You should be able to run the MVC application now and see your app.



Moving forward

The app content and features still need to be developed. But you can now edit your app in the CLI project using Visual Studio and press the ‘Run’ button in VS and see your app run. If you prefer you can also run ‘ng serve’ on the command line to run the CLI project directly such as for debugging any routing issues.

The biggest issue remaining would be creation of the production build. When Angular CLI builds for production it doesn’t generate as many script files and it embeds some more content in the index.html file.
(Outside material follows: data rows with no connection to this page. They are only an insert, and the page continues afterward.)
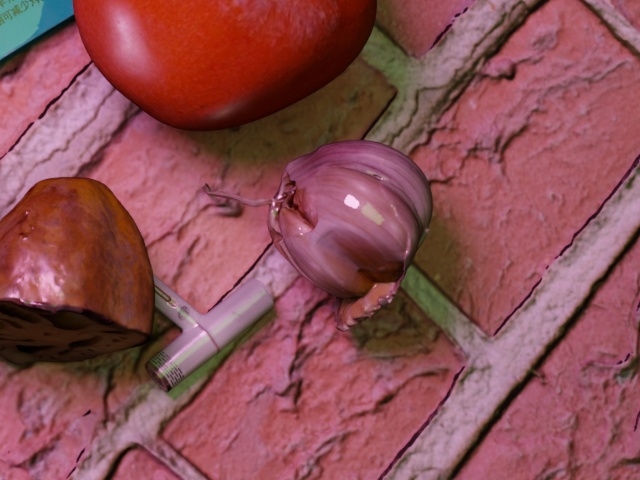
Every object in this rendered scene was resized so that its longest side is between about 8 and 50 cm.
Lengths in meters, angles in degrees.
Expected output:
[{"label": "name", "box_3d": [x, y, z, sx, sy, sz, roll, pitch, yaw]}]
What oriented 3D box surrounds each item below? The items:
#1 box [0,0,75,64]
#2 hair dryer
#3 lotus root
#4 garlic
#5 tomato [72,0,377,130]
[{"label": "box", "box_3d": [-0.352, -0.318, 1.960, 0.161, 0.042, 0.226, -35, 92, -17]}, {"label": "hair dryer", "box_3d": [-0.162, 0.046, 1.965, 0.155, 0.044, 0.183, -38, 90, -18]}, {"label": "lotus root", "box_3d": [-0.276, 0.020, 1.859, 0.199, 0.188, 0.180, 23, 64, -48]}, {"label": "garlic", "box_3d": [0.000, 0.000, 1.961, 0.256, 0.207, 0.207, -7, 83, 19]}, {"label": "tomato", "box_3d": [-0.114, -0.273, 1.893, 0.341, 0.273, 0.341, 34, 33, -26]}]
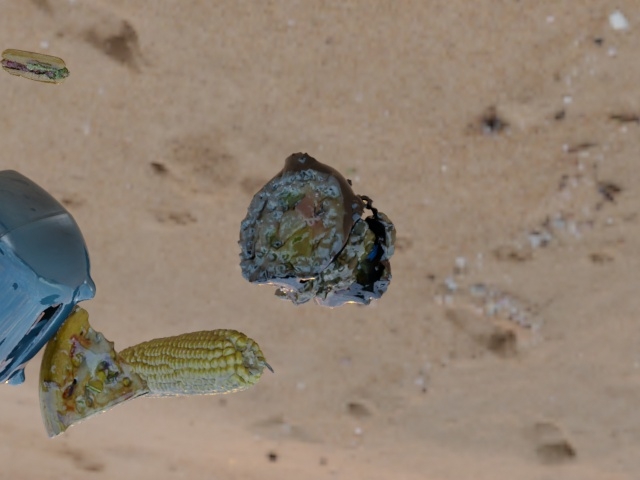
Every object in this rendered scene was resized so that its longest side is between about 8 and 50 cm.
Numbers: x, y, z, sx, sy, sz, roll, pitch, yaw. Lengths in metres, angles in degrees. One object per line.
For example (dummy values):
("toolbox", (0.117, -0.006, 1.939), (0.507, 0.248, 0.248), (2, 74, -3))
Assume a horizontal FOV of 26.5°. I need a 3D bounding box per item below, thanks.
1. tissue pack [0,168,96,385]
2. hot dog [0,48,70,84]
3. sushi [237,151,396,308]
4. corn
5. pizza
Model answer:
("tissue pack", (-0.435, 0.068, 1.763), (0.287, 0.206, 0.198), (-49, 168, 22))
("hot dog", (-0.334, -0.201, 1.589), (0.083, 0.021, 0.037), (9, 126, 6))
("sushi", (0.004, 0.002, 2.181), (0.219, 0.225, 0.238), (29, 175, -40))
("corn", (-0.204, 0.187, 2.058), (0.310, 0.101, 0.101), (-7, 149, 38))
("pizza", (-0.313, 0.201, 1.896), (0.176, 0.184, 0.036), (29, 156, -28))
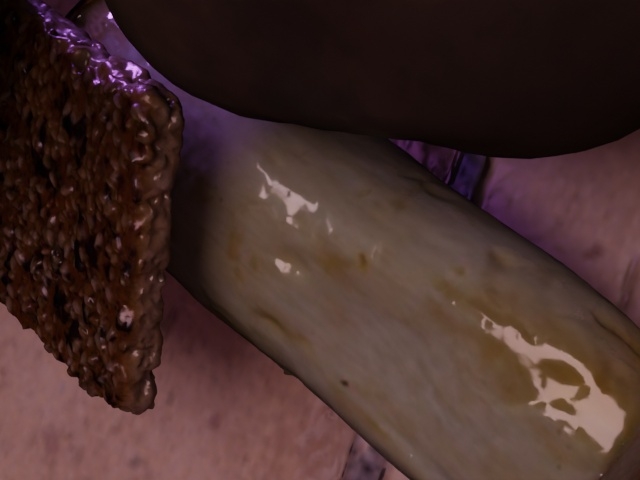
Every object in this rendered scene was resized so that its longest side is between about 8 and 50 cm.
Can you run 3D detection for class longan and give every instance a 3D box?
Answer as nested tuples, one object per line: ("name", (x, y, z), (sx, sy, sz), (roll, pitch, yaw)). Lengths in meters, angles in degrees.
("longan", (0.043, -0.132, 0.609), (0.246, 0.215, 0.246), (-23, 58, 43))

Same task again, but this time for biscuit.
("biscuit", (-0.119, -0.033, 0.735), (0.231, 0.025, 0.131), (34, 123, 51))

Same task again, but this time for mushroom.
("mushroom", (0.000, 0.000, 0.692), (0.312, 0.081, 0.100), (40, 121, 29))

Instead of hand-jamming the production bits into place when you deploy, you may want to update the script that copies the index.html contents into the NgApp.cshtml file, or maybe just copy the files into the root folder of the MVC web app and then the contents don’t need to be modified when moving into the NGApp.cshtml.

See the followup to this project, How To Create Dynamic Menu And Page Title With Angular Material and CLI

How to create dynamic menu and page title with Angular Material and CLI

References

Full source of the Sample project:
https://github.com/michael-lang/sample-ng2-mvc/

Angular CLI
https://github.com/angular/angular-cli

Post/Pre build events in Visual Studio to copy files
http://stackoverflow.com/questions/11001822/copy-files-from-one-project-to-another-using-post-build-event-vs2010

Alternative: “Running Multiple Websites in a Windows Azure Web Role”
http://www.wadewegner.com/2011/02/running-multiple-websites-in-a-windows-azure-web-role/

Prerequisite: Node Installation
https://nodejs.org/en/download/

About the Author

Michael Lang

Co-Founder and CTO of Watchdog Creative, business development, technology vision, and more since 2013, Developer, and Mentor since 1999. See the about page for more details.

56 Comments

  • By Saeid Reply

    It’s possible to change the `dist` folder location in the `.angular-cli.json` file that will eliminate the need of xcopy.
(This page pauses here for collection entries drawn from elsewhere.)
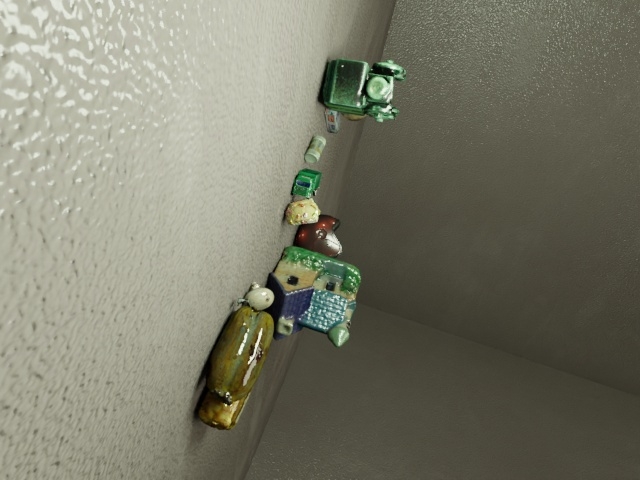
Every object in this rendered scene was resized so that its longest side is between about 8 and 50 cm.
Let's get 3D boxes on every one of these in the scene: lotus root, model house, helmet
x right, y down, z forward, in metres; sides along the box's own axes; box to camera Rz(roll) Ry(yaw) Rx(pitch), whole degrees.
[{"bbox_3d":[-0.190,0.267,1.008,0.123,0.124,0.241,95,14,-59],"label":"lotus root"},{"bbox_3d":[-0.034,0.211,1.423,0.280,0.312,0.245,-66,175,-61],"label":"model house"},{"bbox_3d":[0.000,0.000,1.649,0.216,0.193,0.189,-61,177,-6],"label":"helmet"}]

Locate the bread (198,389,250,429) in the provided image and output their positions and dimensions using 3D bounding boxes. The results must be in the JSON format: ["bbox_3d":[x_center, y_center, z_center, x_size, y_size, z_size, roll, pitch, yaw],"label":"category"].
[{"bbox_3d":[-0.230,0.383,1.110,0.181,0.096,0.222,101,10,-61],"label":"bread"}]

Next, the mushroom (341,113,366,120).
[{"bbox_3d":[0.114,-0.510,1.501,0.166,0.127,0.166,173,-90,-69],"label":"mushroom"}]

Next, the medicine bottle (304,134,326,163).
[{"bbox_3d":[-0.017,-0.290,1.342,0.047,0.047,0.083,98,11,-60],"label":"medicine bottle"}]

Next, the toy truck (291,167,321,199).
[{"bbox_3d":[-0.042,-0.180,1.344,0.147,0.065,0.079,-56,160,-71],"label":"toy truck"}]

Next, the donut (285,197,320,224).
[{"bbox_3d":[-0.058,-0.091,1.315,0.166,0.108,0.065,-84,165,-76],"label":"donut"}]

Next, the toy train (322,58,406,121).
[{"bbox_3d":[0.134,-0.461,1.287,0.299,0.238,0.166,-52,153,-77],"label":"toy train"}]

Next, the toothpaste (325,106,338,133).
[{"bbox_3d":[0.046,-0.438,1.517,0.196,0.040,0.047,36,67,-84],"label":"toothpaste"}]

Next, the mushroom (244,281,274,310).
[{"bbox_3d":[-0.172,0.149,1.153,0.085,0.085,0.079,98,-23,-61],"label":"mushroom"}]
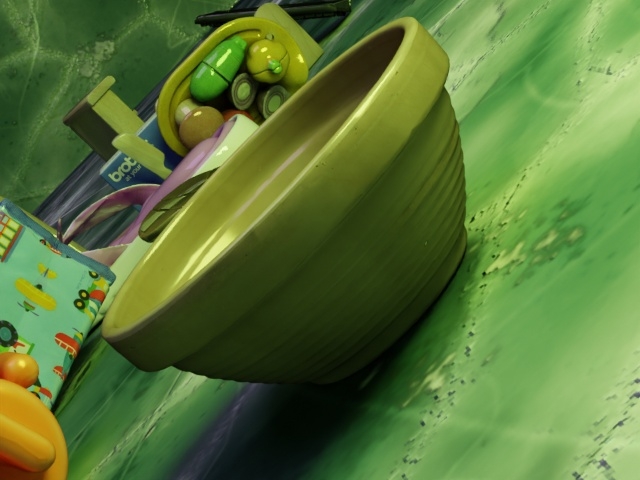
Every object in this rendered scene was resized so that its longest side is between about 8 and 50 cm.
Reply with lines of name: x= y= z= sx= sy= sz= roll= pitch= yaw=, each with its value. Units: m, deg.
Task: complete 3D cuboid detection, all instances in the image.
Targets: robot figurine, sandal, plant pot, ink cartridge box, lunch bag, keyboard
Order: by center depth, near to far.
plant pot: x=0.000 y=0.000 z=0.829 sx=0.237 sy=0.110 sz=0.237 roll=-42 pitch=13 yaw=12
robot figurine: x=-0.264 y=0.166 z=1.128 sx=0.128 sy=0.158 sz=0.219 roll=-8 pitch=-4 yaw=-24
sandal: x=-0.088 y=-0.043 z=1.429 sx=0.180 sy=0.049 sz=0.072 roll=-32 pitch=17 yaw=-3
lunch bag: x=-0.355 y=0.136 z=1.469 sx=0.293 sy=0.138 sz=0.221 roll=-37 pitch=24 yaw=43
sandal: x=-0.225 y=-0.002 z=1.598 sx=0.416 sy=0.102 sz=0.169 roll=-43 pitch=12 yaw=18
ink cartridge box: x=-0.141 y=-0.116 z=1.708 sx=0.207 sy=0.097 sz=0.046 roll=-46 pitch=12 yaw=2
keyboard: x=-0.054 y=-0.277 z=1.876 sx=0.180 sy=0.023 sz=0.108 roll=-2 pitch=13 yaw=17

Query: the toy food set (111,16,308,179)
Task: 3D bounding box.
toy food set: x=-0.100 y=-0.135 z=1.631 sx=0.218 sy=0.128 sz=0.071 roll=-46 pitch=35 yaw=2

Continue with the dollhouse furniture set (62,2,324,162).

    • Michael Lang By Michael Lang Reply

      Good idea, Have you tried this?

      • By Guilhaume Bordiau Reply

        I tried. Way easier, no need for the build script.

        • By Sarthak Reply

          Hello, Guilhaume
          Can you please provide the source code for angular 2 CLI with MVC project where we get rid of xcopy command.

  • By Gavin Raine Reply

    Great article and really helpful. Thanks Michael !

    At first, I thought I had failed to get this right somehow, but it worked perfectly once I stopped trying to use Internet Explorer. (For reference – I saw the error “Unable to get property ‘apply’ of undefined or null reference”.)

    It looks this is an issue that several people have had with Angular CLI & IE 11, so I’m off to look at “polyfills.ts” now.

    • Michael Lang By Michael Lang Reply

      I’m glad to know it helps!

  • By Sevensnake Reply

    Thanks that would be great. I did not know you can have mvc and Angular2 application as 2 projects and you can still work your application. Does this affect angular2 routing using the Candor.Sample.MvcWeb.?

    • Michael Lang By Michael Lang Reply

      Angular routing using ui-router doesn’t post back to your server to load routed components, so once a SPA application is up and you are navigating between routes in the app, MVC on the server won’t interfere. If you load a url from the SPA page (not a route), then it will get it from the server.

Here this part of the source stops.